Volatility traders looking to capitalize on large price swings may soon find opportunities. A key indicator suggests that bitcoin (BTC), currently above $100,000, is like a coiled spring ready to release energy in either direction.
The indicator is the 60-day moving price range, representing the maximum and minimum price change in percentage terms. A narrower range implies stable market conditions characterized by a range play and a balance between supply and demand.
Analysis from Glassnode shows that Bitcoin’s 60-day range is now narrower than the current trading range. Historically, such patterns portend bursts of volatility.
“All of these cases occurred before a significant burst of volatility, with the majority occurring at the start of bull markets or before late capitulations in bear cycles,” Glassnode said in its weekly analysis report.
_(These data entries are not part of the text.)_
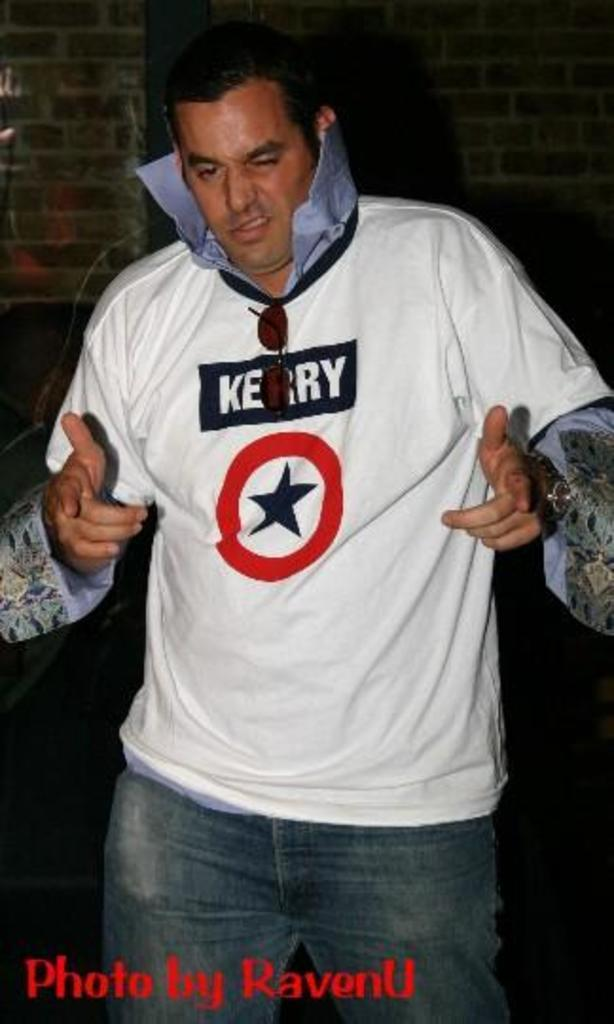<image>
Share a concise interpretation of the image provided. A man with a popped collar and Kerry on his shirt. 
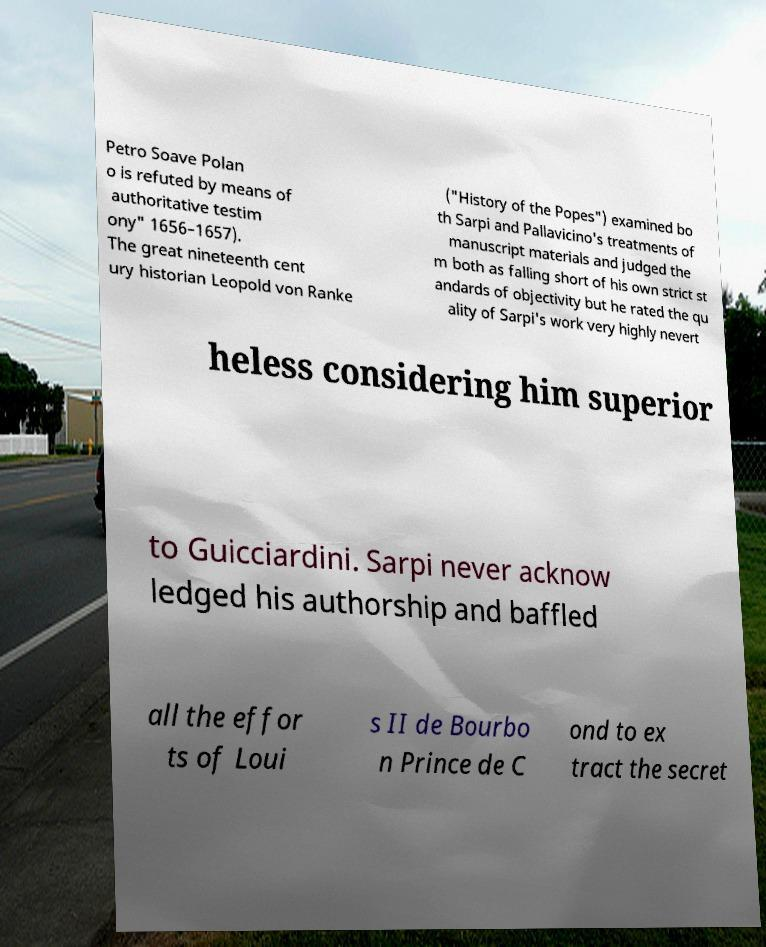I need the written content from this picture converted into text. Can you do that? Petro Soave Polan o is refuted by means of authoritative testim ony" 1656–1657). The great nineteenth cent ury historian Leopold von Ranke ("History of the Popes") examined bo th Sarpi and Pallavicino's treatments of manuscript materials and judged the m both as falling short of his own strict st andards of objectivity but he rated the qu ality of Sarpi's work very highly nevert heless considering him superior to Guicciardini. Sarpi never acknow ledged his authorship and baffled all the effor ts of Loui s II de Bourbo n Prince de C ond to ex tract the secret 
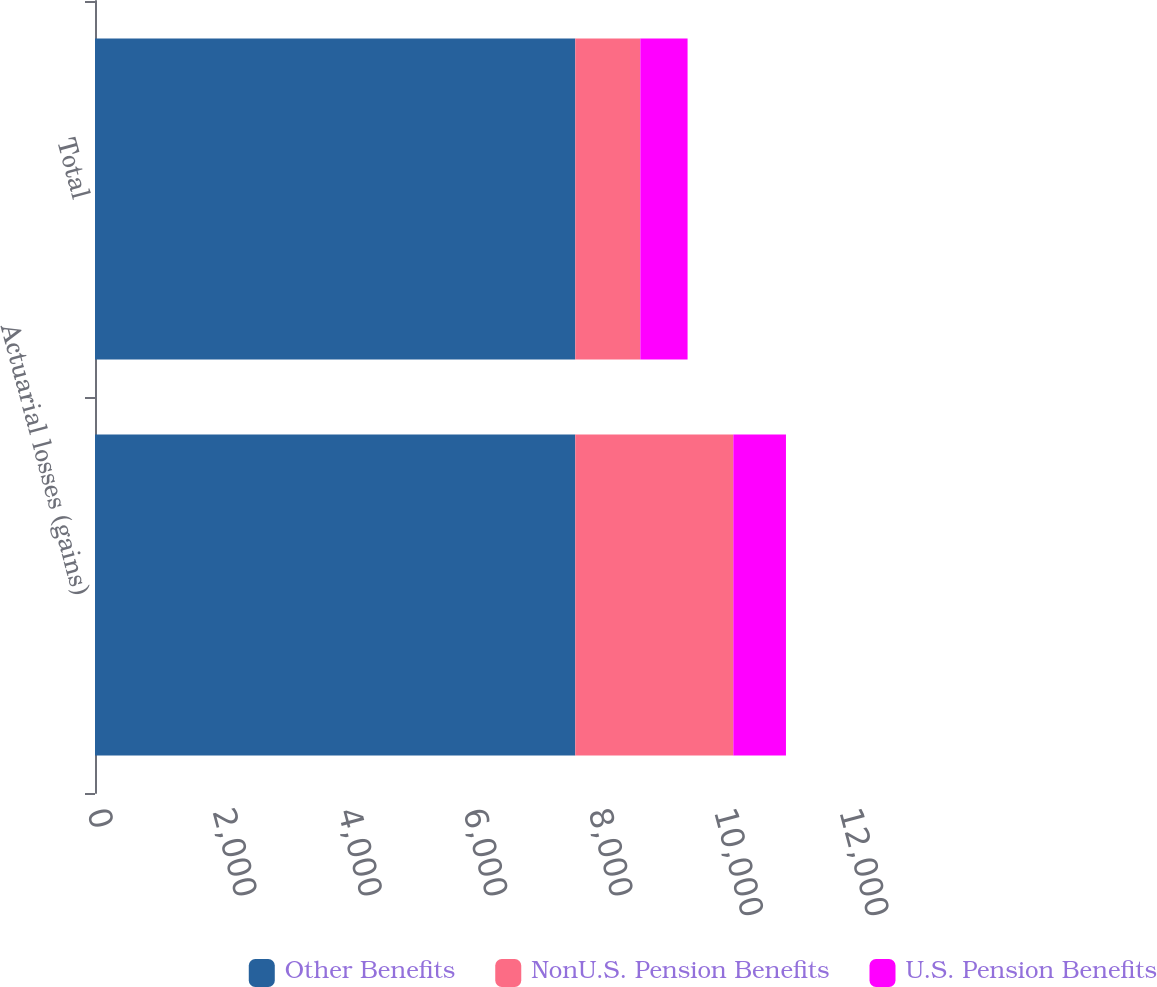Convert chart to OTSL. <chart><loc_0><loc_0><loc_500><loc_500><stacked_bar_chart><ecel><fcel>Actuarial losses (gains)<fcel>Total<nl><fcel>Other Benefits<fcel>7664<fcel>7664<nl><fcel>NonU.S. Pension Benefits<fcel>2522<fcel>1038<nl><fcel>U.S. Pension Benefits<fcel>840<fcel>754<nl></chart>

Volatility is mean reverting, that is, it tends to oscillate around its average over its lifetime. Rapid price fluctuations usually follow a period of low volatility and vice versa.
It is also independent of price. Higher volatility means that price fluctuations will become larger and potentially more unpredictable. It doesn’t say whether prices will rise or fall.
Recent flows, however, have been skewed higher, particularly on the Chicago Mercantile Exchange, where traders have been rushing into call options. A similar bullish bias is apparent on Deribit and other exchanges.
“BTC futures continue to trend higher, especially on the front end, as the market’s net long exposure from last week remains strong. Bullish bets are currently outpacing bearish bets by a ratio of “around 20:1,” QCP Capital said in a Telegram broadcast. .
If positioning is any guide, it’s safe to say that market participants are expecting a bullish resolution to BTC’s multi-week consolidation between $90,000 and $110,000.